About 350 kilometers (217 miles) overhead, astronauts aboard the International Space Station were to have passed the dateline 16 times during the day. They decided to toast just three times — as the new year began in Moscow, in London, and in the U.S. space agency NASA’s Houston, Texas, headquarters. The astronauts were treated to a feast of caviar, fresh fruit and vegetables, nuts and chocolate.

In his final weekly address to the nation for 2011, U.S. President Barack Obama spoke of “difficult debates and some tough fights to come” in 2012, with his presidency at stake in November elections.

At the Meiji Shrine in Tokyo, Shinto priests performed the year-end purification ceremony.

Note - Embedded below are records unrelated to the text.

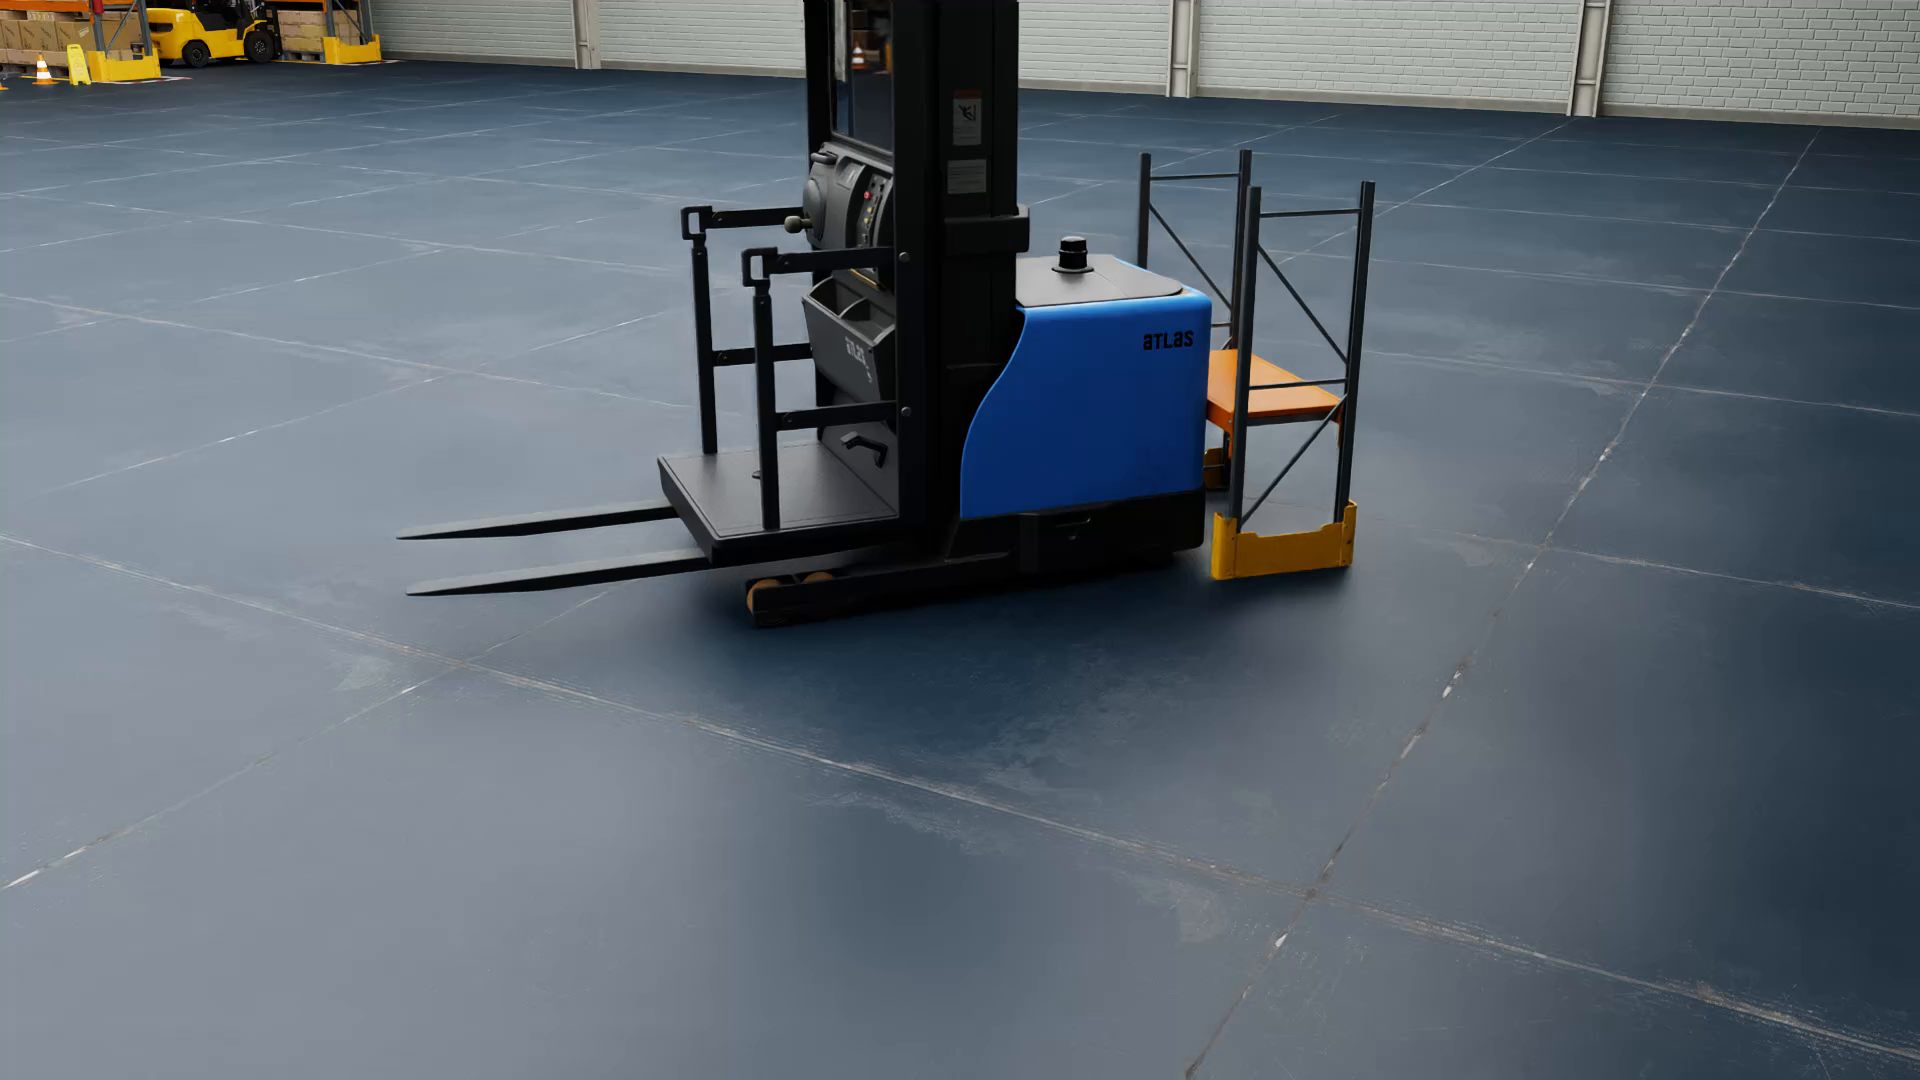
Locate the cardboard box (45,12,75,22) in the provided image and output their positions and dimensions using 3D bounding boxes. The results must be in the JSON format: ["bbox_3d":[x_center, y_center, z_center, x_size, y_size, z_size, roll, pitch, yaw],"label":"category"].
[{"bbox_3d":[-15.689,-9.123,28.981,0.250,0.149,0.380,12,23,29],"label":"cardboard box"}]

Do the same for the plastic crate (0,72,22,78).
[{"bbox_3d":[-17.031,-8.251,29.495,0.583,0.080,0.402,3,20,9],"label":"plastic crate"}]

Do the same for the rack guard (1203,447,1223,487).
[{"bbox_3d":[0.984,-0.329,7.406,0.587,0.250,0.087,-6,21,-16],"label":"rack guard"}]

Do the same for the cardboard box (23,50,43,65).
[{"bbox_3d":[-16.254,-8.597,29.582,0.500,0.250,0.500,10,22,25],"label":"cardboard box"}]

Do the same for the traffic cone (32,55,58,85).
[{"bbox_3d":[-15.514,-7.959,28.127,0.334,0.463,0.336,11,23,27],"label":"traffic cone"}]

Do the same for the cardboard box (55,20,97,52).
[{"bbox_3d":[-15.336,-8.777,28.978,0.500,0.500,0.500,11,23,28],"label":"cardboard box"}]

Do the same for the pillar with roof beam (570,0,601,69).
[{"bbox_3d":[-9.122,-11.867,26.383,0.400,9.000,9.100,11,23,27],"label":"pillar with roof beam"}]

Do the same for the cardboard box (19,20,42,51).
[{"bbox_3d":[-16.230,-8.948,29.452,0.500,0.500,0.500,10,22,26],"label":"cardboard box"}]

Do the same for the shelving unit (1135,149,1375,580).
[{"bbox_3d":[1.126,-0.754,6.744,0.587,1.500,1.083,-6,21,-16],"label":"shelving unit"}]

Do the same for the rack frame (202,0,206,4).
[{"bbox_3d":[-15.584,-11.607,34.465,0.127,3.000,1.000,11,23,27],"label":"rack frame"}]

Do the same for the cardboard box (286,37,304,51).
[{"bbox_3d":[-13.086,-9.916,33.220,0.500,0.250,0.500,11,23,27],"label":"cardboard box"}]

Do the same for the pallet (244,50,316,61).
[{"bbox_3d":[-13.841,-9.949,33.983,1.213,0.211,1.003,11,23,27],"label":"pallet"}]

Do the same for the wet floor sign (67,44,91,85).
[{"bbox_3d":[-14.865,-8.007,27.992,0.267,0.644,0.232,-16,26,-38],"label":"wet floor sign"}]

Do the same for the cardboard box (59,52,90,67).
[{"bbox_3d":[-15.367,-8.427,29.114,0.500,0.250,0.500,11,23,27],"label":"cardboard box"}]

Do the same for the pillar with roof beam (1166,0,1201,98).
[{"bbox_3d":[1.355,-9.871,20.882,0.400,9.000,9.100,11,23,27],"label":"pillar with roof beam"}]

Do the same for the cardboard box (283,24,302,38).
[{"bbox_3d":[-13.102,-10.156,33.148,0.500,0.250,0.500,11,22,27],"label":"cardboard box"}]

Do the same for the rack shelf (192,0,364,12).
[{"bbox_3d":[-13.838,-10.936,33.671,4.000,0.370,1.077,11,23,27],"label":"rack shelf"}]

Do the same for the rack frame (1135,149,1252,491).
[{"bbox_3d":[0.984,-0.917,7.194,0.500,1.500,0.032,-6,21,-16],"label":"rack frame"}]

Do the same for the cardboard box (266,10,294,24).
[{"bbox_3d":[-13.540,-10.465,33.265,0.500,0.250,0.500,11,23,28],"label":"cardboard box"}]

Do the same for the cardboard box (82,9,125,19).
[{"bbox_3d":[-18.538,-11.246,36.335,0.625,0.625,0.875,12,23,29],"label":"cardboard box"}]

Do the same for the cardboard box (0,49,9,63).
[{"bbox_3d":[-17.147,-8.770,30.059,0.500,0.250,0.500,12,23,30],"label":"cardboard box"}]

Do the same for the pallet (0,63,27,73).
[{"bbox_3d":[-17.398,-8.717,30.586,1.213,0.211,1.003,11,23,27],"label":"pallet"}]

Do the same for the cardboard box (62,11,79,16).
[{"bbox_3d":[-19.631,-11.606,36.561,0.250,0.149,0.380,10,22,25],"label":"cardboard box"}]

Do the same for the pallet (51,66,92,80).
[{"bbox_3d":[-15.268,-8.311,29.467,1.213,0.211,1.003,11,23,27],"label":"pallet"}]

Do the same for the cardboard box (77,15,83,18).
[{"bbox_3d":[-19.550,-11.301,36.671,0.500,0.500,0.500,12,23,29],"label":"cardboard box"}]

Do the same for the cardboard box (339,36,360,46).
[{"bbox_3d":[-12.425,-9.987,33.414,0.500,0.250,0.500,11,23,28],"label":"cardboard box"}]

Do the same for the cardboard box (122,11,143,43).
[{"bbox_3d":[-17.376,-11.027,35.733,0.625,0.625,0.875,10,22,25],"label":"cardboard box"}]

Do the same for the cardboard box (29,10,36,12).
[{"bbox_3d":[-20.519,-11.798,37.090,0.250,0.149,0.380,10,22,26],"label":"cardboard box"}]

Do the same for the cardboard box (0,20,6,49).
[{"bbox_3d":[-17.145,-9.122,29.931,0.500,0.500,0.500,12,23,29],"label":"cardboard box"}]

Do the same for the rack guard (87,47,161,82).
[{"bbox_3d":[-14.576,-8.301,29.017,0.348,0.500,1.175,11,23,27],"label":"rack guard"}]

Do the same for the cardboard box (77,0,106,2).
[{"bbox_3d":[-14.940,-9.344,28.594,0.250,0.149,0.380,12,23,29],"label":"cardboard box"}]

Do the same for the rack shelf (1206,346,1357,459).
[{"bbox_3d":[1.129,-0.582,6.797,0.538,0.185,1.000,-6,21,-16],"label":"rack shelf"}]

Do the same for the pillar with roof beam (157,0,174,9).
[{"bbox_3d":[-19.598,-13.862,31.885,0.400,9.000,9.100,11,23,27],"label":"pillar with roof beam"}]

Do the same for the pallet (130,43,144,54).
[{"bbox_3d":[-17.315,-10.610,35.804,1.213,0.211,1.003,11,23,27],"label":"pallet"}]

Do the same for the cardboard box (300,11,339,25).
[{"bbox_3d":[-12.646,-10.301,32.813,0.500,0.250,0.500,12,23,29],"label":"cardboard box"}]

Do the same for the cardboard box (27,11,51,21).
[{"bbox_3d":[-16.136,-9.210,29.221,0.250,0.149,0.380,12,23,30],"label":"cardboard box"}]

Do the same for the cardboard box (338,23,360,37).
[{"bbox_3d":[-12.401,-10.222,33.329,0.500,0.250,0.500,11,23,28],"label":"cardboard box"}]

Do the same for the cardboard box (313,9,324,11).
[{"bbox_3d":[-12.857,-10.535,33.460,0.500,0.250,0.500,11,23,27],"label":"cardboard box"}]

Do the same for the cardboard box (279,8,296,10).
[{"bbox_3d":[-13.733,-10.709,33.938,0.500,0.250,0.500,10,22,26],"label":"cardboard box"}]

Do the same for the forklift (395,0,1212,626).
[{"bbox_3d":[-0.599,-1.271,6.071,3.031,2.935,1.130,-7,21,-19],"label":"forklift"}]

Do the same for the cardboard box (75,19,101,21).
[{"bbox_3d":[-15.558,-9.027,29.668,0.500,0.500,0.500,10,22,25],"label":"cardboard box"}]

About 3 million people visit the shrine during the New Year holidays each year to pray for their health and wealth.

In Spain, residents of the central town of Villar de Corneja gathered at midday in the main square to eat 12 grapes accompanying the sound of 12 chimes of bells — a Spanish tradition that is believed to bring good luck in the new year.

In Thailand, provincial authorities hosted a New Year’s countdown party on the country’s largest hydropower dam — Bhumibol Dam in Tak province, 380 kilometers (236 miles) north of Bangkok — to dismiss predictions by a psychic 37 years ago that the structure would collapse on Saturday.